Sunday 6 February 2011

Grain Price Increase coming, who will be hurt most?

ReaThere is no doubt grain price will increase next year, the question is how much to or by what percent? I am guessing, it will increase over 33% (1/3). Most of the developing nations are going to pay dearly, specially those that depend on aid like my Ethiopia will experience the crunch. In our region alone all of them are going to experience the effects of it. Uganda, Kenya, Sudan and Djibouti are going to experience the effects of this price increase just as badly, but not as much as we are.

GLOBAL: Food could cost more in 2011

Johannesburg, 17 November 2010 (IRIN) - If wheat and maize production do not rise substantially in 2011, global food security could be uncertain for the next two years, the UN Food and Agriculture Organization (FAO) has warned.

Photo: Akmal Dawi/IRIN
Wheat could become even more expensive next year

Wheat and maize prices have shot past their 2009 highs, with FAO adding that international food import bills could surpass one trillion US dollars in 2010. Food imports last topped the trillion dollar mark during the 2007/08 food price crisis.

The organization anticipates that world cereals stocks will shrink by seven percent, with barley declining 35 percent, maize by 12 percent and wheat by 10 percent.
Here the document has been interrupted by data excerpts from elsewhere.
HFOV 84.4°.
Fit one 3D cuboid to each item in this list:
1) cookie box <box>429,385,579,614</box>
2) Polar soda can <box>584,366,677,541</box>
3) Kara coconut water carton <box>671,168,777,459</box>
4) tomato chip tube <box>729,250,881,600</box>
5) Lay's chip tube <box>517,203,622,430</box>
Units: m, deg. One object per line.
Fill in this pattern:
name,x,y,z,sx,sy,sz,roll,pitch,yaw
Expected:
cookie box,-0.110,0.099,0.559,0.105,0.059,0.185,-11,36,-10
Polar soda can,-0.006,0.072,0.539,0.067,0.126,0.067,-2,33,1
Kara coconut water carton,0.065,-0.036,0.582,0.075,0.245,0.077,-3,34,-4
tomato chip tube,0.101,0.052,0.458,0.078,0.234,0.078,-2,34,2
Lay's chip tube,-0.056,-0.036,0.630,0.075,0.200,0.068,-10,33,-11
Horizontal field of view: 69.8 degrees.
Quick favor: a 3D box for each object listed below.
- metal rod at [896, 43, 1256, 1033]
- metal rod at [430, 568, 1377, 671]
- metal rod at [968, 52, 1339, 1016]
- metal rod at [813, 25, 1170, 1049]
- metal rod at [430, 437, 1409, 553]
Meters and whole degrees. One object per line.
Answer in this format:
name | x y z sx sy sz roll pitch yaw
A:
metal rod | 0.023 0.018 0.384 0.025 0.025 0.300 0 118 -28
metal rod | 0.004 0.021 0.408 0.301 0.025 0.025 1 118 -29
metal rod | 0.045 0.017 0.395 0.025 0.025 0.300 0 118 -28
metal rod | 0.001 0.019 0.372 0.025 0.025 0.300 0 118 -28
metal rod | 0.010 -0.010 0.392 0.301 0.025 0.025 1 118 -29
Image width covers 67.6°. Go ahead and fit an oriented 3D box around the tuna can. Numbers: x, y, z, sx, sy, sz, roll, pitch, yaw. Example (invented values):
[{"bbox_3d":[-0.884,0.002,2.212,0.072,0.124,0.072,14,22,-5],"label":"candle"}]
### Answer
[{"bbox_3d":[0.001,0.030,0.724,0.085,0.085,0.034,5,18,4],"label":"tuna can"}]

Cereal stocks are not as low as they were in 2007/08, "but we are being slightly alarmist in our outlook to get production figures up next year," said Abdolreza Abbassian, secretary of the Intergovernmental Group on Grains at FAO. "Stocks of yellow maize, which is used largely for animal feed, are getting to the low level they were in 2007/2008."

Six percent more maize will have to be produced in 2011 than in 2010, while wheat stocks need to rise by more than 3.5 percent to ensure the world has enough reserves to tide it over 2011, said the FAO Food Outlook, released on 17 November.

“We not only need to replenish our stocks in 2011 but we need to do better than that to ensure we have stocks to last us in 2012,” said Abbassian. FAO calculations have not taken into account the possibility of unfavourable weather conditions next year.

"We are assuming we will have normal growing conditions, but if we have heavy rains or drought in some of the cereal-producing countries we could be in trouble, or if we have great growing conditions production could go up by more than expected levels," Abbassian said.

Global wheat and barley stocks declined in 2010 as severe drought and fires slashed production in Russia and Ukraine two of the world's largest producers. The news drove up wheat prices by 45 percent and even 80 percent in the second half of 2010, with an export ban imposed by Russia adding impetus. Canada, another major wheat producer, was also hit by bad weather.